Thursday, October 8, 2009

LaTeisha Green's mother speaks at Brooklyn forum



Roxanne Green spoke emotionally, passionately and even angrily as she talked about her murdered daughter LaTeisha at a forum at the Brooklyn Law School on Oct. 7.

“You would have liked LaTeisha—she was very outgoing,” she said. “She was like the energizer bunny.”

An Onondaga County jury convicted Dwight DeLee in July of first-degree manslaughter as a hate crime and criminal possession of a weapon after prosecutors accused him of shooting Green and her brother Mark Cannon last November as they and a friend sat in a car outside a Syracuse house party. Initial media reports indicated DeLee targeted Green because he thought she was gay. She was actually transgender.

New York State does not include gender identity and expression in its hate crime statutes, but prosecutors constructed what Michael Silverman, executive director of the Transgender Legal Defense and Education Fund, described as a “narrative Teish was gay or lesbian to achieve a conviction.” A judge sentenced DeLee in August to 25 years in prison, but Roxanne Green said she feels the sentence was too lenient.

"He shouldn't see another day on the street," she said.

Cannon added he decided to participate in the panel because he did not “want to see another family go through what our family has gone through.”

“We lost someone very important to us,” Cannon said.

LaTeisha Green’s death was among a series of anti-LGBT violence and bias crimes that have taken place across New York State over the last year. Keith Phoenix and Hakim Scott allegedly beat Ecuadorian immigrant José Sucuzhañay to death on a Bushwick street corner last December because he thought he was gay—he and his brother Romel were arm-and-arm as they walked home from a nearby bar. Trinidad Tapia and Gilberto Ortiz allegedly severely beat Leslie Mora with a belt buckle as she walked home from a Jackson Heights nightclub in June. And a group of assailants attacked Carmella Etienne with rocks and empty beer bottles as she walked home from a store in St. Albans on July 8.

“I was pretty much scared for my life,” Etienne recalled as she described how nobody came to her assistance while the men attacked her. “I felt like nobody cared. It happened in my neighborhood.”

The National Coalition of Anti-Violence Programs reported earlier this year violence against LGBT people has increased 24 percent since 2007. The NCAVP further reported 29 known bias-related murders in 2008; the highest rate since 1999.
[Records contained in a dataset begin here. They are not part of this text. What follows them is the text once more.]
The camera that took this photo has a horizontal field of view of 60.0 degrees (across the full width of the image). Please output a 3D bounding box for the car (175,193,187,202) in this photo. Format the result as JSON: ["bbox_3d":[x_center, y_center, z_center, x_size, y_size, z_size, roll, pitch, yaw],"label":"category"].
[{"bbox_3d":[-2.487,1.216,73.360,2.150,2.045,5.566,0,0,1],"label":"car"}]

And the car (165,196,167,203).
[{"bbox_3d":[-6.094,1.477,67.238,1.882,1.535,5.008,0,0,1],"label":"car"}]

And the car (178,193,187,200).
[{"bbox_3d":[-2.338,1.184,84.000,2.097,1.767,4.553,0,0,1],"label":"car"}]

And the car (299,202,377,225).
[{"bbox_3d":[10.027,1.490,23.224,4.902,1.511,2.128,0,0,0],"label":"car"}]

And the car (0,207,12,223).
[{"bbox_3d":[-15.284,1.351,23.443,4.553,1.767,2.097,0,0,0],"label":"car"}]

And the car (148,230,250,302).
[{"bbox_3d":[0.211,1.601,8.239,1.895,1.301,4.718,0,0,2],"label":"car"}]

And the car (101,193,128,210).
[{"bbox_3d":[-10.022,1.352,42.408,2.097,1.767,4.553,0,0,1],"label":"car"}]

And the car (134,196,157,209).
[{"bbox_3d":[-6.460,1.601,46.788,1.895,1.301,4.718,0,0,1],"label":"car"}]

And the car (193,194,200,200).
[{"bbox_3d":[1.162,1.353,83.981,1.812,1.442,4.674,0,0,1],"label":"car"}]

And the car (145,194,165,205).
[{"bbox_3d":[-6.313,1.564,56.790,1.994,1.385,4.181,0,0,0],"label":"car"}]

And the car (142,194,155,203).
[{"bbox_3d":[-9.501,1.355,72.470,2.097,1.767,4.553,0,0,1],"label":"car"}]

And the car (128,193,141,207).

Sharon Stapel, executive director of the New York City Anti-Violence Project, attempted to link how she and her organization feel race, immigration status and other socio-economic factors can motivate anti-LGBT violence and bias crimes in her response to Sucuzhañay’s death.

“We at the Anti-Violence Project know too well that many people continue to be victims of violence because of their identity—whether that violence is a result of hatred of race, ethnicity or sexual orientation,” she said in a Dec. 8, 2008, statement.
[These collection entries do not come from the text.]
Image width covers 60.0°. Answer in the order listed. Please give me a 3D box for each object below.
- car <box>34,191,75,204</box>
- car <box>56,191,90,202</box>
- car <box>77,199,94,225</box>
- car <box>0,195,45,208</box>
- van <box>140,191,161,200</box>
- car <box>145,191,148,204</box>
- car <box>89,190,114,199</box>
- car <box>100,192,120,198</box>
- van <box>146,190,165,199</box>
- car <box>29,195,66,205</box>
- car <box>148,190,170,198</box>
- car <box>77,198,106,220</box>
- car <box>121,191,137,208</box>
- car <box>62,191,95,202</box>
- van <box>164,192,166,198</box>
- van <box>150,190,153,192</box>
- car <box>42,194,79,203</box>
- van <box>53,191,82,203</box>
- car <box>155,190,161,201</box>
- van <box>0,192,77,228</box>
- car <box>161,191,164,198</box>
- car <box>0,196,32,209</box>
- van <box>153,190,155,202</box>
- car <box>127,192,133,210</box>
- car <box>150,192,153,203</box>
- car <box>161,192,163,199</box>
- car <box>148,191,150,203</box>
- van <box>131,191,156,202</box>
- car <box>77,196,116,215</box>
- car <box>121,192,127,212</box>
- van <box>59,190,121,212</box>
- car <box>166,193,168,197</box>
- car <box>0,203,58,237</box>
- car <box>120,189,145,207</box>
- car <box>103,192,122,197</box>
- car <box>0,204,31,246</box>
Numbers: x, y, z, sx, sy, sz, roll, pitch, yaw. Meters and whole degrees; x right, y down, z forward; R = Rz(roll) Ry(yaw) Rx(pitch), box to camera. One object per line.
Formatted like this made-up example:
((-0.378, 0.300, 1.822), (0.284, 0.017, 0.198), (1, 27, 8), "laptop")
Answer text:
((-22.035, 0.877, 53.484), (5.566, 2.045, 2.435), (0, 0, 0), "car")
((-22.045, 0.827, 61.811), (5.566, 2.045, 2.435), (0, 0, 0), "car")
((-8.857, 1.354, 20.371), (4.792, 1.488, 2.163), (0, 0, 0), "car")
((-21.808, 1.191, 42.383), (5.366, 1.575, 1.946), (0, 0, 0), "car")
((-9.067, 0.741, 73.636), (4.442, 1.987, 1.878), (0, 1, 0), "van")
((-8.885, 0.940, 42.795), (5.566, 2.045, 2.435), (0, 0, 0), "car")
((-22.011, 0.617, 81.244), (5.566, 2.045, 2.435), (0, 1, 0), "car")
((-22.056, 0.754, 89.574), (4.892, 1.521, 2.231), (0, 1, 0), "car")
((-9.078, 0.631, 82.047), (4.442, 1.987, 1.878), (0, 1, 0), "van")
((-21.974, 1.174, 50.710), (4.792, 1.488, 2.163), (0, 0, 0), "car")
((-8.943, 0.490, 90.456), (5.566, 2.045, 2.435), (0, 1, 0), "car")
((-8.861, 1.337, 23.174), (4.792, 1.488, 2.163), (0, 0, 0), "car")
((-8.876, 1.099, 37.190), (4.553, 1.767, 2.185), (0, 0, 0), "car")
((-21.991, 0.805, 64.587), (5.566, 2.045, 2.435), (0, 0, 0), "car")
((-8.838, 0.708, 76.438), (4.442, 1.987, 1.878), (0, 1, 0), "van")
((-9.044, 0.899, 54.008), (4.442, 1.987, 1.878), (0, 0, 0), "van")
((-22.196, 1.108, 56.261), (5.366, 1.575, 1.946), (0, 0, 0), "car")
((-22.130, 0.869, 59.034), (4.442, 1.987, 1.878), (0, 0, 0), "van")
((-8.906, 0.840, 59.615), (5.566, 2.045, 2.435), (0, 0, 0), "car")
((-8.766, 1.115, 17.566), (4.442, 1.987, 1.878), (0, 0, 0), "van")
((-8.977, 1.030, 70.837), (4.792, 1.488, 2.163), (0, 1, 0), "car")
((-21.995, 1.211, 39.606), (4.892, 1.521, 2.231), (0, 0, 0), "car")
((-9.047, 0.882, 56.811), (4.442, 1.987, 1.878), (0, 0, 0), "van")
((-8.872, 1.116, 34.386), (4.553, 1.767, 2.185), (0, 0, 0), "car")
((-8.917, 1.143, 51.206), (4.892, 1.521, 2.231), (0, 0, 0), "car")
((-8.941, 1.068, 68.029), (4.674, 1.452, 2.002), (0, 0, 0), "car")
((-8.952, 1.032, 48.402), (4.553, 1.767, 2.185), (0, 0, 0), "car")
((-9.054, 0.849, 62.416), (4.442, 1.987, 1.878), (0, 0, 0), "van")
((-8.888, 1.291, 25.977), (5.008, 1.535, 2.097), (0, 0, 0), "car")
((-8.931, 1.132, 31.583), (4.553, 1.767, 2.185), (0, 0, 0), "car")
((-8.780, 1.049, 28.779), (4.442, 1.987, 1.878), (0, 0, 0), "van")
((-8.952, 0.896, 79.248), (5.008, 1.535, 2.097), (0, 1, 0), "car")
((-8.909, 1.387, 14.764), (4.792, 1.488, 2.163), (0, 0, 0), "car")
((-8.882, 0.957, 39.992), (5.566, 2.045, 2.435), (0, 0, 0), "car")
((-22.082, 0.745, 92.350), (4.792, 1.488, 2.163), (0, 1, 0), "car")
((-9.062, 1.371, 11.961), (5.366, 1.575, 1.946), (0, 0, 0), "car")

Andy Marra, a senior media strategist for the Gay & Lesbian Alliance Against Defamation, who worked with Silverman and LaTeisha Green’s family after her murder and during DeLee’s trial, pointed out what she described as additional challenges she and others who worked on LaTeisha Green’s case encountered. These include how law enforcement respond to anti-LGBT hate crimes and other bias attacks and how the media covered the murder.

“Media is not talking about what it means to be transgender—or gender variant,” Marra said.

More than 30 editors, reporters and other media professionals from the Syracuse area attended a training in April on how to cover LaTeisha Green, her death and DeLee’s then-pending trial. Marra stressed the importance of what she feels is the need to use gender-appropriate pronouns, chosen names and overall sensitivity.

“Its conversations like that I have on a daily basis,” she said. “It’s a learning process for them.”

Silverman further stressed a more general problem he encounters is a reluctance among many police departments and prosecutors to adequately pursue anti-trans hate crimes and bias-motivated attacks.

“Too many of these cases don’t get the attention like LaTeisha’s case did because of a lack of response,” he said. “Sometimes it’s us banging pots and pans and saying to make this a top priority.”

Silverman and Cannon both applauded the Onondaga County District. The Empire State Pride Agenda, TLDEF and other LGBT advocacy organizations have repeatedly used LaTeisha Green’s murder to call for the inclusion of gender identity and expression to both New York and federal anti-hate crime and discrimination laws. Roxanne Green stressed, however, her and her family’s pain continues to run very deep.

“I don’t know if it will get any easier,” she said.